* _What you should do_
Give every line of the data again, unchanged, but with no pictures.

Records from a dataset

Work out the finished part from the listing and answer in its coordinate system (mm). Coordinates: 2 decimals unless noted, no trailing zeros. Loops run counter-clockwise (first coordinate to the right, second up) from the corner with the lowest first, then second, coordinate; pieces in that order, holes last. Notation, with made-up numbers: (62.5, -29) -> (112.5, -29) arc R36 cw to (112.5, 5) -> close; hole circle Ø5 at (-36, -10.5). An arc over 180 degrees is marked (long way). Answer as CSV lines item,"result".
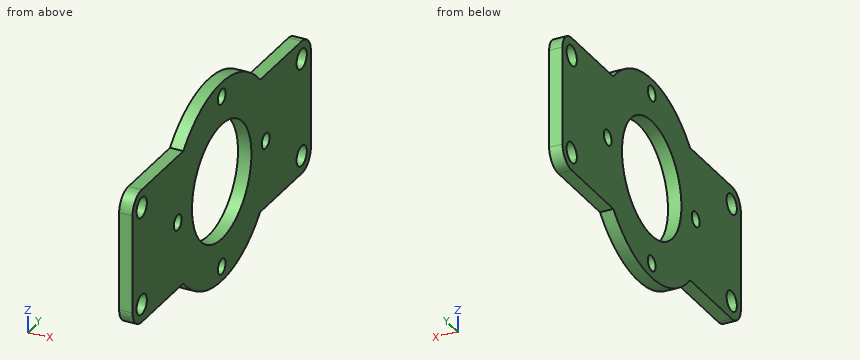
```python
from build123d import *

# Parameters (mm, degrees)
SKETCH_1_W          = 3
SKETCH_1_H          = 30
EXTRUDE_1_DEPTH     = 78
SKETCH_2_R          = 22.5
EXTRUDE_2_DEPTH     = 3
SKETCH_3_R          = 13
CUT_EXTRUDE_1_DEPTH = 87.598210143
HOLE_WIZARD_M31_D   = 3.4
HOLE_WIZARD_M41_D   = 4.5
FILLET_1_R          = 4


with BuildPart() as part:
    # Эскиз1 → Бобышка-Вытянуть1 (new body)
    with BuildSketch(Plane(origin=(0, 0, 0), x_dir=(1, 0, 0), z_dir=(0, 1, 0))):
        with Locations((1.5, -15)):
            Rectangle(SKETCH_1_W, SKETCH_1_H)
    extrude(amount=EXTRUDE_1_DEPTH)

    # Эскиз2 → Бобышка-Вытянуть2 (add)
    with BuildSketch(Plane.ZY):
        with Locations((15, 39)):
            Circle(SKETCH_2_R)
    extrude(amount=-EXTRUDE_2_DEPTH)

    # Эскиз3 → Вырез-Вытянуть1 (cut, through all)
    with BuildSketch(Plane.ZY):
        with Locations((15, 39)):
            Circle(SKETCH_3_R)
    extrude(amount=-CUT_EXTRUDE_1_DEPTH, mode=Mode.SUBTRACT)

    # Отверстие с зазором M31 (through all)
    with Locations(Plane(origin=(3, -25.024735225, 7.262908886), x_dir=(0, 0, 1), z_dir=(1, 0, 0))):
        with Locations((7.737091114, -83.274735225), (-11.512908886, -64.024735225), (7.737091114, -44.774735225), (26.987091114, -64.024735225)):
            Hole(HOLE_WIZARD_M31_D / 2)

    # Отверстие с зазором M41 (through all)
    with Locations(Plane(origin=(3, 0, 0), x_dir=(0, 0, -1), z_dir=(1, 0, 0))):
        with Locations((-26, 74), (-4, 74), (-4, 4), (-26, 4)):
            Hole(HOLE_WIZARD_M41_D / 2)

    # Скругление1
    fillet_1_edges = [part.edges().sort_by_distance(p)[0] for p in [
        (1.5, 78, 0),
        (1.5, 0, 0),
        (1.5, 0, 30),
        (1.5, 78, 30),
    ]]
    fillet(fillet_1_edges, radius=FILLET_1_R)


solid = part.part
```
(1) A cutting plane is placed at C-C, the plane x = 2. Count the separate pieces of the cut face and the enclosed holes in it, and give its area (3 significant figures).
Computed values:
separate pieces,"1"
enclosed holes,"9"
area,"2,040 mm2"
(2) A cutting plane is placed at A-A, the plane z = 15. Write down the section's boundary in (x, y), and give its area (3 significant figures).
Computed values:
outline,"(0, 0) -> (3, 0) -> (3, 18.05) -> (0, 18.05) -> close; (0, 21.45) -> (3, 21.45) -> (3, 26) -> (0, 26) -> close; (0, 52) -> (3, 52) -> (3, 56.55) -> (0, 56.55) -> close; (0, 59.95) -> (3, 59.95) -> (3, 78) -> (0, 78) -> close"
area,"136 mm2"
(3) A flat-ended cylindrical pin translates along its axis: pin 1 Ø1.5 at (x, y) = (2, 9.5) entering from -Z. Find the tip coordinate at first contact, or state that the pin passes through.
Computed values:
pin 1,"z = 0"
(4) Consider line 1 along Y through (x, z) = (0.8, 15); line 2 along Z through (x, y) = (1.3, 72); line 3 along Y through (x, z) = (2.15, 4). Determine where each line is inside the solid, lowest interval first.
Computed values:
line 1,"0 to 18.05, 21.45 to 26, 52 to 56.55, 59.95 to 78"
line 2,"0 to 2.97, 5.03 to 24.97, 27.03 to 30"
line 3,"0 to 1.75, 6.25 to 32.07, 45.93 to 71.75, 76.25 to 78"
(5) A cutting plane is placed at D-D, the plane z = -4.25. Write down the section's boundary in (x, y), and give its area (3 significant figures).
Computed values:
outline,"(0, 27.35) -> (3, 27.35) -> (3, 37.3) -> (0, 37.3) -> close; (0, 40.7) -> (3, 40.7) -> (3, 50.65) -> (0, 50.65) -> close"
area,"59.7 mm2"
(6) A cutting plane is placed at B-B, the plane y = 19.75. Write down the section's boundary in (x, z).
Computed values:
outline,"(0, 0) -> (3, 0) -> (3, 13.3) -> (0, 13.3) -> close; (0, 16.7) -> (3, 16.7) -> (3, 30) -> (0, 30) -> close"

* _Problem solution_
Work out the finished part from the listing and answer in its coordinate system (mm). Coordinates: 2 decimals unless noted, no trailing zeros. Loops run counter-clockwise (first coordinate to the right, second up) from the corner with the lowest first, then second, coordinate; pieces in that order, holes last. Notation, with made-up numbers: (62.5, -29) -> (112.5, -29) arc R36 cw to (112.5, 5) -> close; hole circle Ø5 at (-36, -10.5). An arc over 180 degrees is marked (long way). Answer as CSV lines item,"result".
```python
from build123d import *

# Parameters (mm, degrees)
SKETCH_1_W          = 3
SKETCH_1_H          = 30
EXTRUDE_1_DEPTH     = 78
SKETCH_2_R          = 22.5
EXTRUDE_2_DEPTH     = 3
SKETCH_3_R          = 13
CUT_EXTRUDE_1_DEPTH = 87.598210143
HOLE_WIZARD_M31_D   = 3.4
HOLE_WIZARD_M41_D   = 4.5
FILLET_1_R          = 4


with BuildPart() as part:
    # Эскиз1 → Бобышка-Вытянуть1 (new body)
    with BuildSketch(Plane(origin=(0, 0, 0), x_dir=(1, 0, 0), z_dir=(0, 1, 0))):
        with Locations((1.5, -15)):
            Rectangle(SKETCH_1_W, SKETCH_1_H)
    extrude(amount=EXTRUDE_1_DEPTH)

    # Эскиз2 → Бобышка-Вытянуть2 (add)
    with BuildSketch(Plane.ZY):
        with Locations((15, 39)):
            Circle(SKETCH_2_R)
    extrude(amount=-EXTRUDE_2_DEPTH)

    # Эскиз3 → Вырез-Вытянуть1 (cut, through all)
    with BuildSketch(Plane.ZY):
        with Locations((15, 39)):
            Circle(SKETCH_3_R)
    extrude(amount=-CUT_EXTRUDE_1_DEPTH, mode=Mode.SUBTRACT)

    # Отверстие с зазором M31 (through all)
    with Locations(Plane(origin=(3, -25.024735225, 7.262908886), x_dir=(0, 0, 1), z_dir=(1, 0, 0))):
        with Locations((7.737091114, -83.274735225), (-11.512908886, -64.024735225), (7.737091114, -44.774735225), (26.987091114, -64.024735225)):
            Hole(HOLE_WIZARD_M31_D / 2)

    # Отверстие с зазором M41 (through all)
    with Locations(Plane(origin=(3, 0, 0), x_dir=(0, 0, -1), z_dir=(1, 0, 0))):
        with Locations((-26, 74), (-4, 74), (-4, 4), (-26, 4)):
            Hole(HOLE_WIZARD_M41_D / 2)

    # Скругление1
    fillet_1_edges = [part.edges().sort_by_distance(p)[0] for p in [
        (1.5, 78, 0),
        (1.5, 0, 0),
        (1.5, 0, 30),
        (1.5, 78, 30),
    ]]
    fillet(fillet_1_edges, radius=FILLET_1_R)


solid = part.part
```
(1) A cutting plane is placed at C-C, the plane x = 2. Count the separate pieces of the cut face and the enclosed holes in it, and give its area (3 significant figures).
Computed values:
separate pieces,"1"
enclosed holes,"9"
area,"2,040 mm2"
(2) A cutting plane is placed at A-A, the plane z = 15. Write down the section's boundary in (x, y), and give its area (3 significant figures).
Computed values:
outline,"(0, 0) -> (3, 0) -> (3, 18.05) -> (0, 18.05) -> close; (0, 21.45) -> (3, 21.45) -> (3, 26) -> (0, 26) -> close; (0, 52) -> (3, 52) -> (3, 56.55) -> (0, 56.55) -> close; (0, 59.95) -> (3, 59.95) -> (3, 78) -> (0, 78) -> close"
area,"136 mm2"
(3) A flat-ended cylindrical pin translates along its axis: pin 1 Ø1.5 at (x, y) = (2, 9.5) entering from -Z. Find the tip coordinate at first contact, or state that the pin passes through.
Computed values:
pin 1,"z = 0"
(4) Consider line 1 along Y through (x, z) = (0.8, 15); line 2 along Z through (x, y) = (1.3, 72); line 3 along Y through (x, z) = (2.15, 4). Determine where each line is inside the solid, lowest interval first.
Computed values:
line 1,"0 to 18.05, 21.45 to 26, 52 to 56.55, 59.95 to 78"
line 2,"0 to 2.97, 5.03 to 24.97, 27.03 to 30"
line 3,"0 to 1.75, 6.25 to 32.07, 45.93 to 71.75, 76.25 to 78"
(5) A cutting plane is placed at D-D, the plane z = -4.25. Write down the section's boundary in (x, y), and give its area (3 significant figures).
Computed values:
outline,"(0, 27.35) -> (3, 27.35) -> (3, 37.3) -> (0, 37.3) -> close; (0, 40.7) -> (3, 40.7) -> (3, 50.65) -> (0, 50.65) -> close"
area,"59.7 mm2"
(6) A cutting plane is placed at B-B, the plane y = 19.75. Write down the section's boundary in (x, z).
Computed values:
outline,"(0, 0) -> (3, 0) -> (3, 13.3) -> (0, 13.3) -> close; (0, 16.7) -> (3, 16.7) -> (3, 30) -> (0, 30) -> close"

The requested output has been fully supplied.